The problem is still there, and I am still working hard.

In fact… it is still quite bad at present, but I am working hard, at least at present, when dealing with strangers who know that they will not have what interests, it is very natural and normal.

After six months of leap-forward recovery, I seem to have entered a plateau period. I want to use better methods to make my mind more natural and better.

Although the number of palpitations is less and less, I still clearly remember that it was only three months since the last time my palms were sweating and I was holding myself to communicate with others… and it was only two days since my voice became smaller and smaller while I was talking… I still had contact with people five or six times…

I am not introverted. I know very well that my confidence has not returned to normal after being hit hard, but this feeling is really weak sometimes. I want to adjust myself better.

I think this kind of situation, in addition to the understanding, care and patient companionship and guidance of friends and family, it is more important to correctly understand oneself and actively adjust oneself.

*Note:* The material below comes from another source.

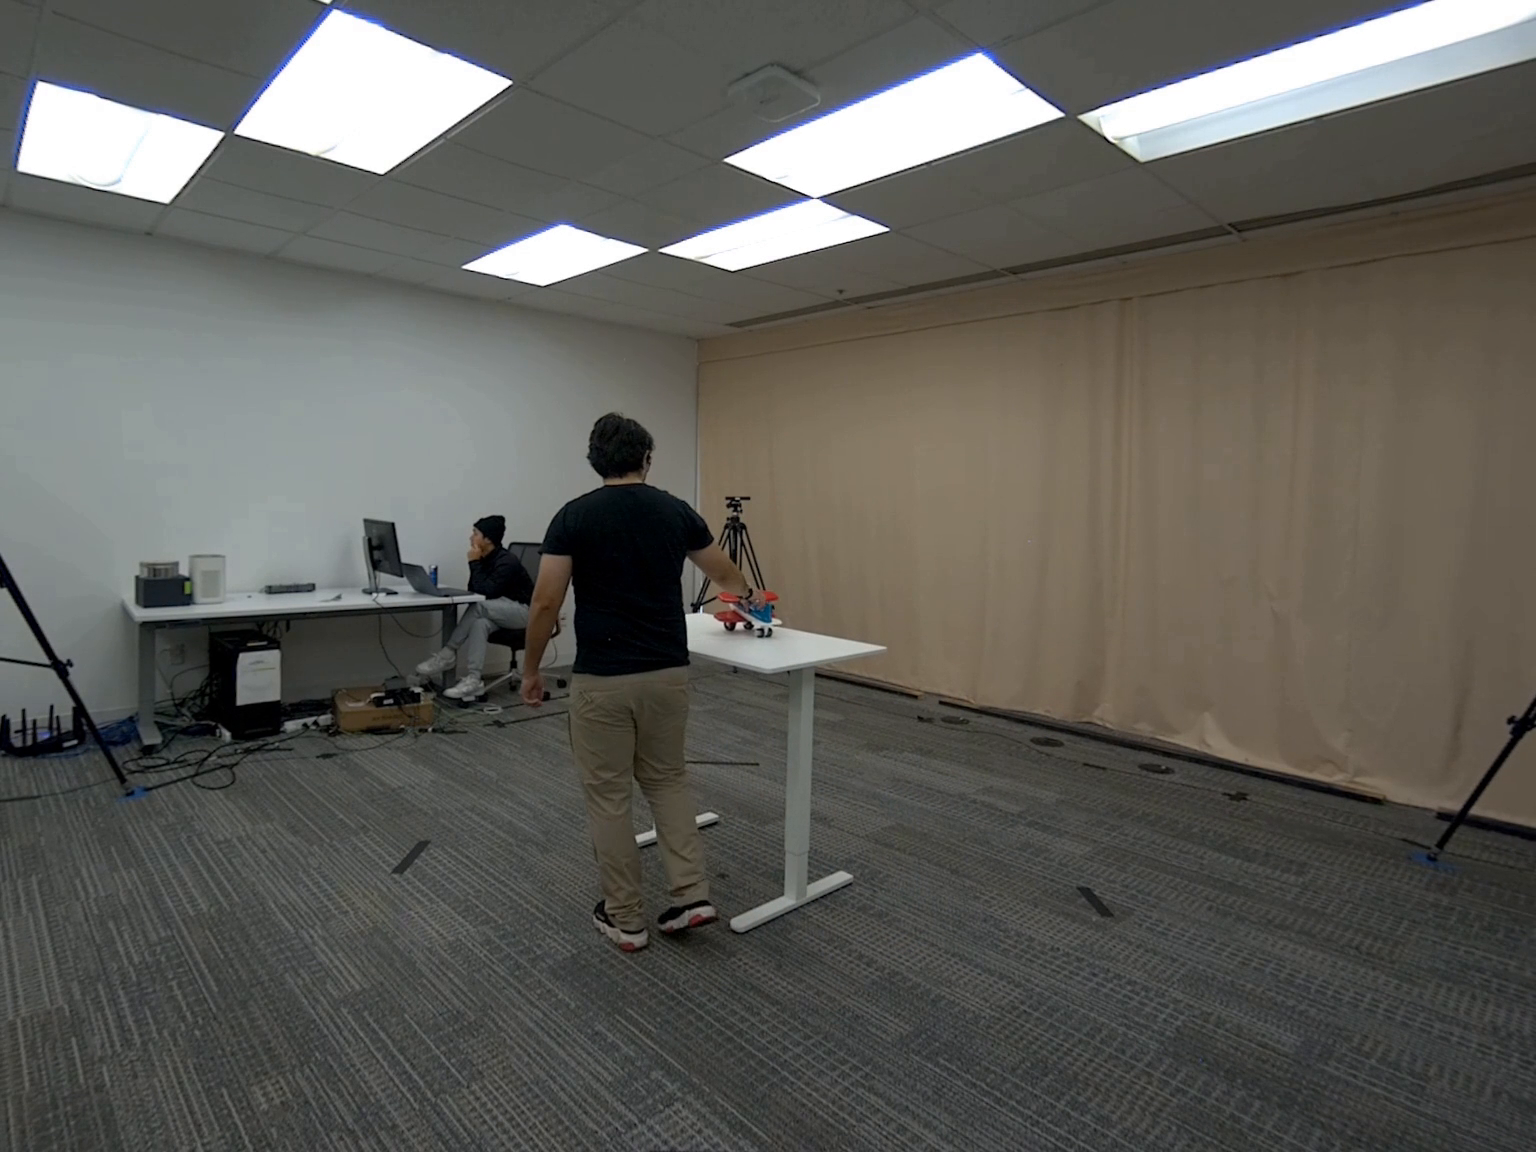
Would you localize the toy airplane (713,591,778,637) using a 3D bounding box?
[{"bbox_3d":[-0.061,0.140,3.188,0.265,0.156,0.246,3,6,31],"label":"toy airplane"}]

I said so much accidentally, but I really felt deeply. I haven’t summed up my situation all the time, so I should sort it out for myself and continue to work hard.

Editor’s Note: In the end, the editor did not force [Amway] regular treatment to Fulumei, because her current progress seems to be good. Perhaps, she will naturally receive appropriate help at the right opportunity in the future.

I hope her story can also inspire you, because even with the help of formal treatment, the strong will to recover oneself is still the key to recovery.